Data extracted from a collection:
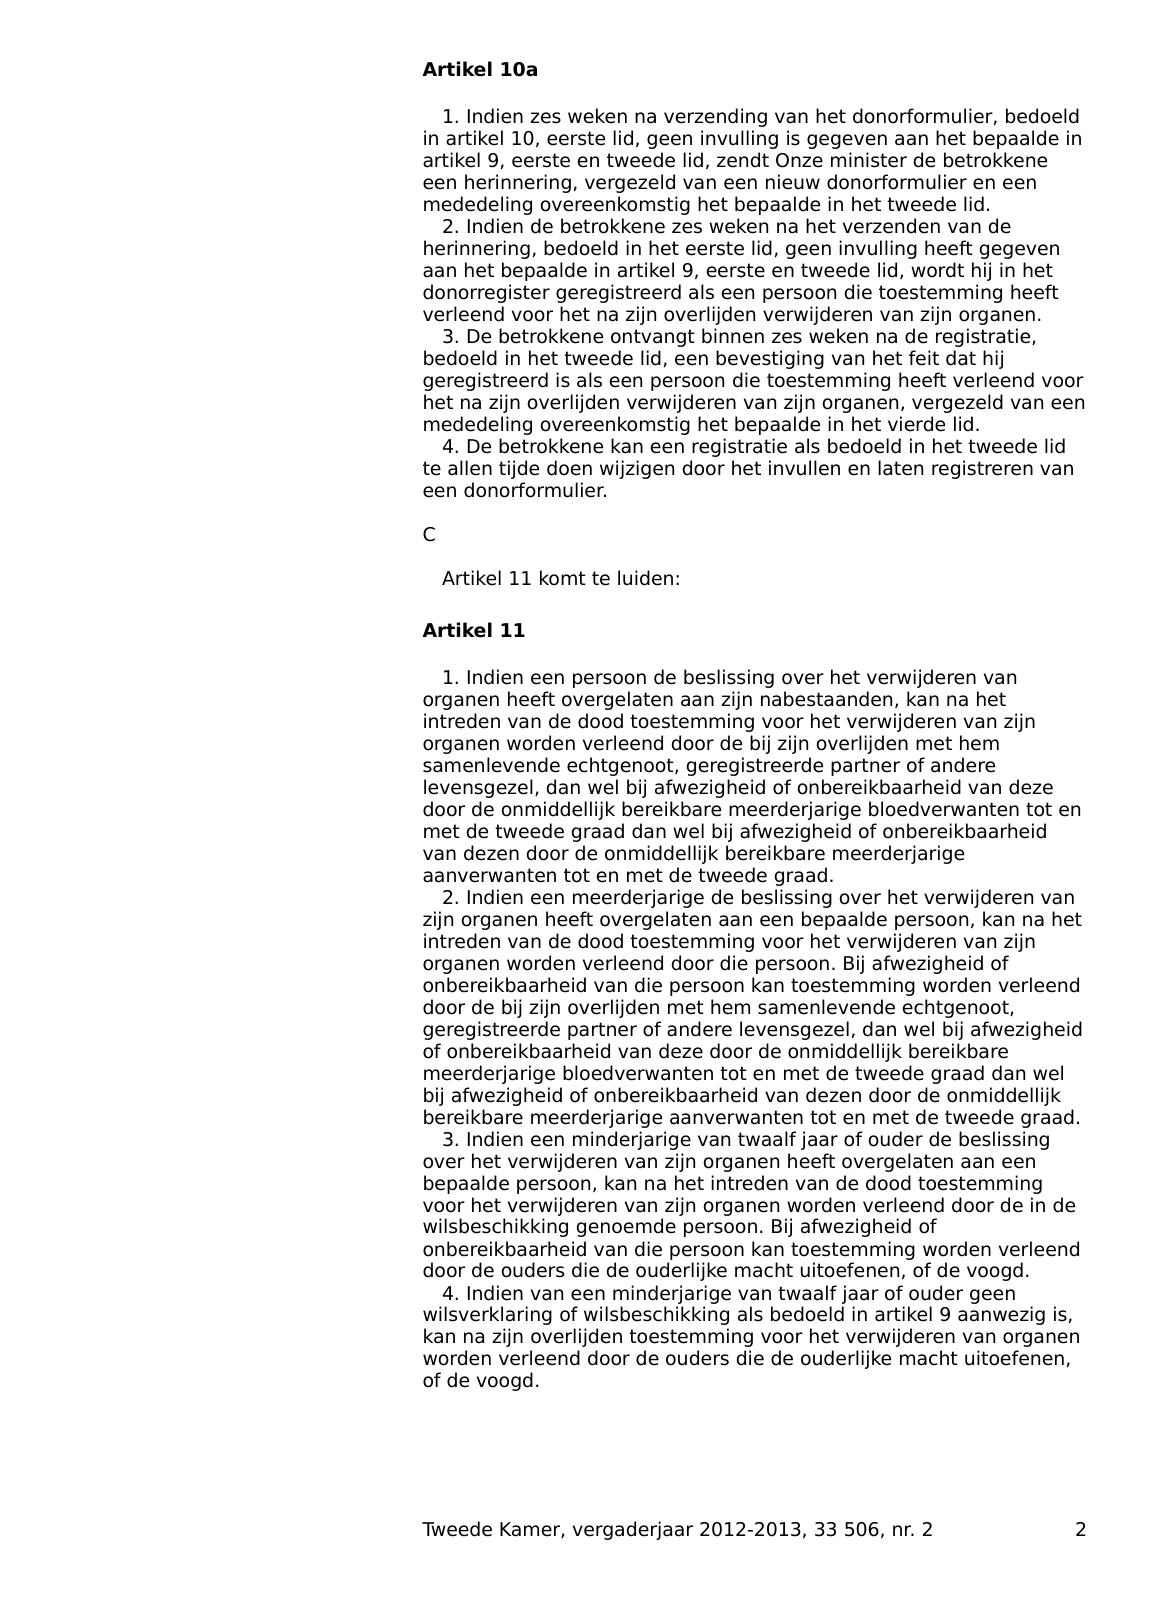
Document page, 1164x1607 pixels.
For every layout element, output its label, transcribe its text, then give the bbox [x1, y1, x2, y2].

text 2. Indien een meerderjarige de beslissing over het verwijderen van zijn organen heeft overgelaten aan een bepaalde persoon, kan na het intreden van de dood toestemming voor het verwijderen van zijn organen worden verleend door die persoon. Bij afwezigheid of onbereikbaarheid van die persoon kan toestemming worden verleend door de bij zijn overlijden met hem samenlevende echtgenoot, geregistreerde partner of andere levensgezel, dan wel bij afwezigheid of onbereikbaarheid van deze door de onmiddellijk bereikbare meerderjarige bloedverwanten tot en met de tweede graad dan wel bij afwezigheid of onbereikbaarheid van dezen door de onmiddellijk bereikbare meerderjarige aanverwanten tot en met de tweede graad. [422, 887, 1087, 1128]
text Artikel 11 komt te luiden: [422, 568, 1087, 590]
text 4. Indien van een minderjarige van twaalf jaar of ouder geen wilsverklaring of wilsbeschikking als bedoeld in artikel 9 aanwezig is, kan na zijn overlijden toestemming voor het verwijderen van organen worden verleend door de ouders die de ouderlijke macht uitoefenen, of de voogd. [422, 1282, 1087, 1392]
subtitle Artikel 10a [422, 59, 1087, 81]
text C [422, 524, 1087, 546]
text 3. De betrokkene ontvangt binnen zes weken na de registratie, bedoeld in het tweede lid, een bevestiging van het feit dat hij geregistreerd is als een persoon die toestemming heeft verleend voor het na zijn overlijden verwijderen van zijn organen, vergezeld van een mededeling overeenkomstig het bepaalde in het vierde lid. [422, 326, 1087, 436]
text 3. Indien een minderjarige van twaalf jaar of ouder de beslissing over het verwijderen van zijn organen heeft overgelaten aan een bepaalde persoon, kan na het intreden van de dood toestemming voor het verwijderen van zijn organen worden verleend door de in de wilsbeschikking genoemde persoon. Bij afwezigheid of onbereikbaarheid van die persoon kan toestemming worden verleend door de ouders die de ouderlijke macht uitoefenen, of de voogd. [422, 1128, 1087, 1282]
subtitle Artikel 11 [422, 620, 1087, 642]
text 1. Indien een persoon de beslissing over het verwijderen van organen heeft overgelaten aan zijn nabestaanden, kan na het intreden van de dood toestemming voor het verwijderen van zijn organen worden verleend door de bij zijn overlijden met hem samenlevende echtgenoot, geregistreerde partner of andere levensgezel, dan wel bij afwezigheid of onbereikbaarheid van deze door de onmiddellijk bereikbare meerderjarige bloedverwanten tot en met de tweede graad dan wel bij afwezigheid of onbereikbaarheid van dezen door de onmiddellijk bereikbare meerderjarige aanverwanten tot en met de tweede graad. [422, 667, 1087, 887]
text 2. Indien de betrokkene zes weken na het verzenden van de herinnering, bedoeld in het eerste lid, geen invulling heeft gegeven aan het bepaalde in artikel 9, eerste en tweede lid, wordt hij in het donorregister geregistreerd als een persoon die toestemming heeft verleend voor het na zijn overlijden verwijderen van zijn organen. [422, 216, 1087, 326]
text 4. De betrokkene kan een registratie als bedoeld in het tweede lid te allen tijde doen wijzigen door het invullen en laten registreren van een donorformulier. [422, 436, 1087, 502]
text 1. Indien zes weken na verzending van het donorformulier, bedoeld in artikel 10, eerste lid, geen invulling is gegeven aan het bepaalde in artikel 9, eerste en tweede lid, zendt Onze minister de betrokkene een herinnering, vergezeld van een nieuw donorformulier en een mededeling overeenkomstig het bepaalde in het tweede lid. [422, 106, 1087, 216]

== TASK PROMPT ==
Pictures are to be left out; otherwise, retype exactly the lines from the first line of the data through the line containing "text Artikel 11".

== TASK RESPONSE ==
Document page, 1164x1607 pixels.
For every layout element, output its label, transcribe its text, then give the bbox [x1, y1, x2, y2].

text 2. Indien een meerderjarige de beslissing over het verwijderen van zijn organen heeft overgelaten aan een bepaalde persoon, kan na het intreden van de dood toestemming voor het verwijderen van zijn organen worden verleend door die persoon. Bij afwezigheid of onbereikbaarheid van die persoon kan toestemming worden verleend door de bij zijn overlijden met hem samenlevende echtgenoot, geregistreerde partner of andere levensgezel, dan wel bij afwezigheid of onbereikbaarheid van deze door de onmiddellijk bereikbare meerderjarige bloedverwanten tot en met de tweede graad dan wel bij afwezigheid of onbereikbaarheid van dezen door de onmiddellijk bereikbare meerderjarige aanverwanten tot en met de tweede graad. [422, 887, 1087, 1128]
text Artikel 11 komt te luiden: [422, 568, 1087, 590]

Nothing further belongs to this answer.